My postcard shows the partial face of a weathered man, with his eyes closed and his silver gray bushy moustache unkempt. My new solo piece, which plays  one night only on November 30, is called Torch. This is the story a man, over sixty, who can’t seem to let go of his youth, his memories, his heat, his sexuality, his past lovers (dead and alive). But he must let go or face the last act(s) of his life as a prisoner to The Past.

The juxtaposition of these two postcards encompasses decades of theatre that speak to  the cultural phenomenon of HIV/AIDS in ways both similar and wildly divergent.

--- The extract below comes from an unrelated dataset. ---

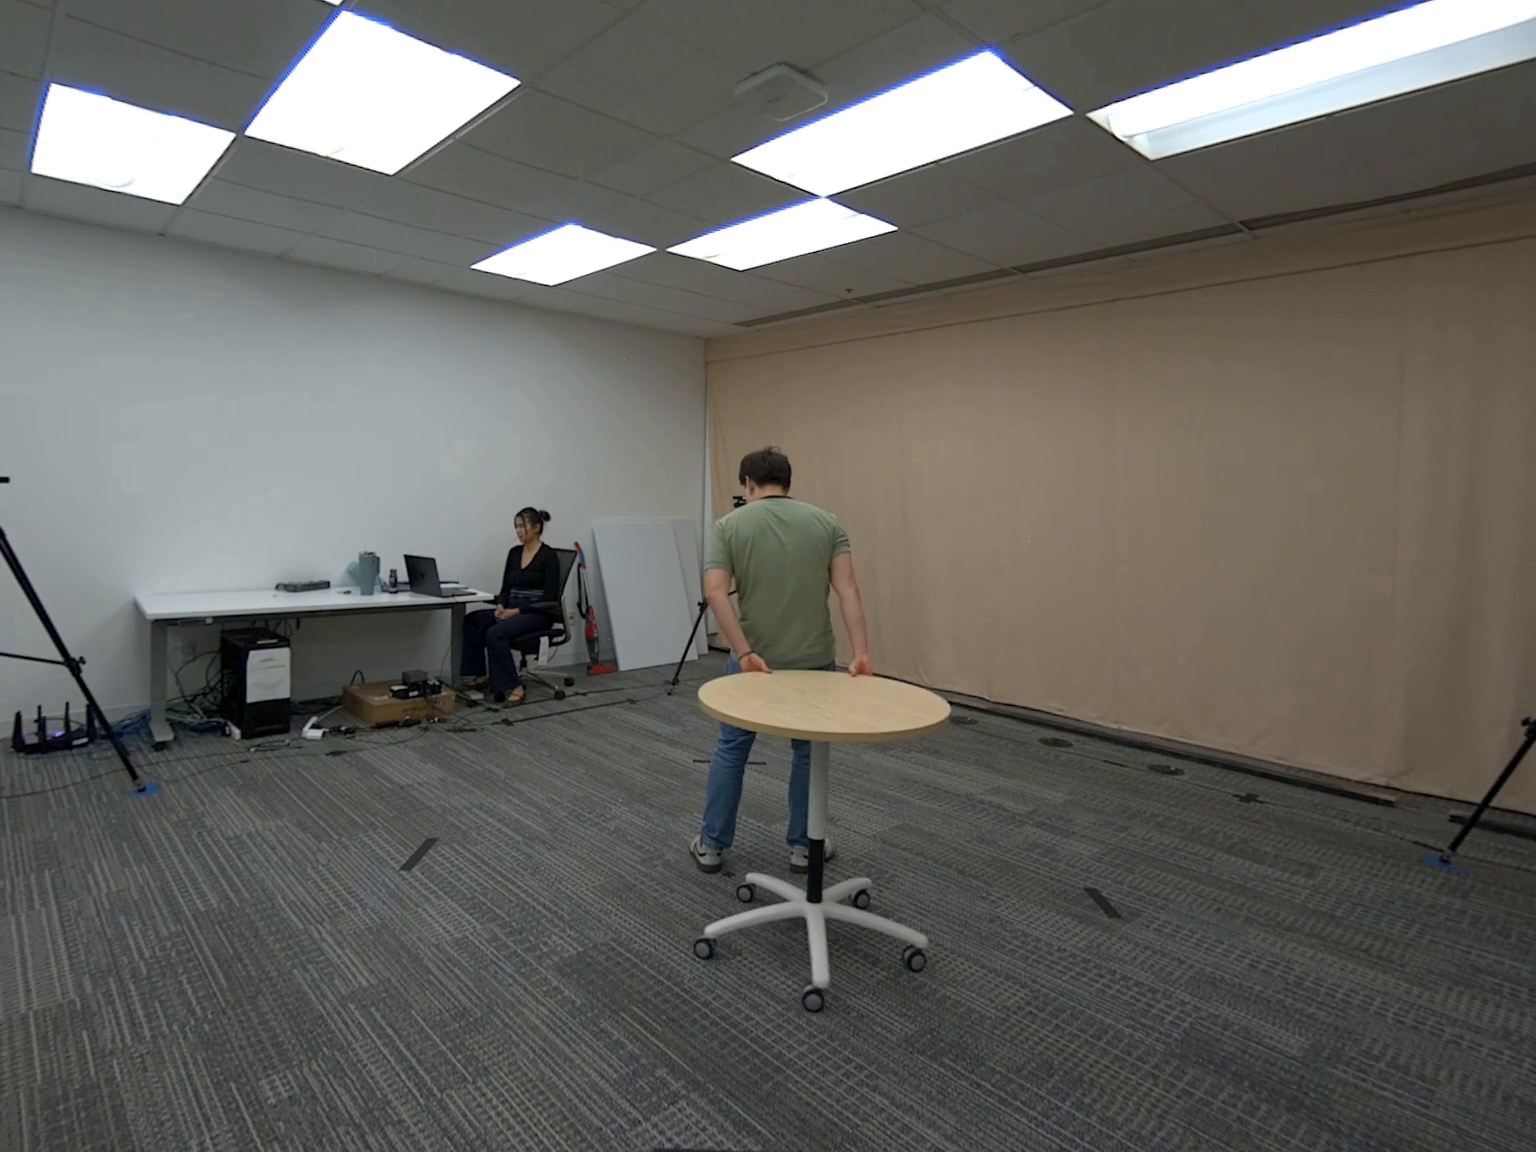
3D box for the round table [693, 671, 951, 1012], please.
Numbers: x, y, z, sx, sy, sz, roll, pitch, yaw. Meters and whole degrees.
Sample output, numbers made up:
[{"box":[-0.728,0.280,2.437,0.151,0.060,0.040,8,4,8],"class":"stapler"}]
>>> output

In certain respects, Torch is an emotional sequel to Jerker. The man reconnects with a lover on Facebook and they resume a convoluted romance that they had not finished four decades ago: on the Internet, instead of the telephone, they share emotional and sexual intimacies that never result in a face-to-face meeting. There’s no death in Torch other than the demise attached to letting go of inflamed memories and stumbling into old age as a gay man with HIV.

Directed by Tony Abatemarco, Torch will be presented by the Katselas Theatre Company’s INKubator along with Broadway Cares/Equity Fights AIDS. Tickets: 702 582 8587 or online at KTCTICKETS.COM.

More reality based and less theatrically rendered, here’s the swelling heartache: I cannot let go of my daughter. Can. Not. Let. Go. Of. My. Daughter. She has left our apartment, where we have lived since she was a baby, and is spending her junior year of high school at the Idyllwild Arts Academy, studying filmmaking. My feelings of pride are only equaled by my pangs of agony. If the “love of your life” is the person you have the deepest feelings for, the person you would die for, the person you are entangled with—emotionally and spiritually—more than anyone else, Katherine (Tia) is the love of my life.

I imagine that I hear her in her bedroom. I feel her brush up against me in the kitchen. I hear her coming home, opening the front door; my phantom daughter, haunting my dance with loneliness.  I have not lived alone for seventeen years so here I am, earlier than expected, fluttering about apprehensively in an empty nest. Not Yet. I will not let go of my daughter. But. Not Yet.

I feel like I’m on a tightrope, with the stabbing pain of neuropathy ever present, walking on tiptoe from the past into the present and terrified of the fall that’s ineluctably in my future. But I suppose it’s that fear I must let go of ultimately, right? Yah, I’ve read all those books, too.

I love the work Glenn Kessler is doing and I know Robert Chesley might have initially winced but would ultimately wallow in this newborn adaptation. Chesley worshipped sex. And the politics of sex which Kessler certainly knows how to portray with a wink and a nod—and perhaps a hard-on?—in Chesley’s direction.

I love my new piece, Torch, and all of its stingers and zingers. I love that Tony is directing me—a man who is unique but also shares so many of the qualities that my fallen brethren possessed. I am nurtured as an artist.

And, finally, I love my daughter with a passion that is unparalleled. And who can be sorry about that, even if there are periods of longing that are torturous.

That’s what life dwindles down to: what we have, what we had, what we remember, and how to let go gracefully: knowing that everything is stored in our hearts, hearts that promise to beat immortally, taking up residence in the hearts of others.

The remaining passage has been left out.